Geometric Deep Learning for Drug Discovery
- Dr. Jian Tang, Mila-Quebec AI Institute
- Time: 2022-10-19 19:00
- Host: Prof. Ming Zhang, Dr. He Wang
- Venue: Room 101, Courtyard No.5, Jingyuan
Drug discovery is a very long and expensive process, taking on average more than 10 years and costing $2.5B to develop a new drug. Artificial intelligence has the potential to significantly accelerate the process of drug discovery by extracting evidence from a huge amount of biomedical data and hence revolutionizes the entire pharmaceutical industry. In particular, graph representation learning and geometric deep learning--a fast growing topic in the machine learning and data mining community focusing on deep learning for graph-structured and 3D data---has seen great opportunities for drug discovery as many data in the domain are represented as graphs or 3D structures (e.g. molecules, proteins, biomedical knowledge graphs).
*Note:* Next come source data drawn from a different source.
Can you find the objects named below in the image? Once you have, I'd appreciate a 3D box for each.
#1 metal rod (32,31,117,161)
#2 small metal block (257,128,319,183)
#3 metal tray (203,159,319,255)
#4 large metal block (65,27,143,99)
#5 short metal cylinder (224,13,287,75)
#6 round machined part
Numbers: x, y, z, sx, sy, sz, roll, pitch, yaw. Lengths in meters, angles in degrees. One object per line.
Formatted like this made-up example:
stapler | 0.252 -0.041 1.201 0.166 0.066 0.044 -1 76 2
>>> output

In this talk, I will introduce our recent progress on geometric deep learning for drug discovery and also a newly released open-source machine learning platform for drug discovery, called TorchDrug.
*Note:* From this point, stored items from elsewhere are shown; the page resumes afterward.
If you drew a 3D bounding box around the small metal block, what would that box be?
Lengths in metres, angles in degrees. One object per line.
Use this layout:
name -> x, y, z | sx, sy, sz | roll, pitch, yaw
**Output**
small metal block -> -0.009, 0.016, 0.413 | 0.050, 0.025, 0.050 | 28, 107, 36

Jian Tang is currently an associate professor at Mila-Quebec AI Institute, a leading AI Institute in Canada founded by Turing Award winner Yoshua Bengio. He is also the founder and CEO of BioGeometry, an AI startup focusing on antibody discovery. He is a Canada CIFAR AI Research Chair. His main research interests are graph representation learning, graph neural networks, geometric deep learning, deep generative models, knowledge graphs and drug discovery. During his PhD, he was awarded with the best paper in ICML2014; in 2016, he was nominated for the best paper award in the top data mining conference World Wide Web (WWW); in 2020, he is awarded with Amazon and Tencent Faculty Research Award. He is one of the most representative researchers in the growing field of graph representation learning and has published a set of representative works in this field such as LINE and RotatE. His work LINE on node representation learning has been widely recognized and is the most cited paper at the WWW conference between 2015 and 2019. Recently, his group just released an open-source machine learning package, called TorchDrug, aiming at making AI drug discovery software and libraries freely available.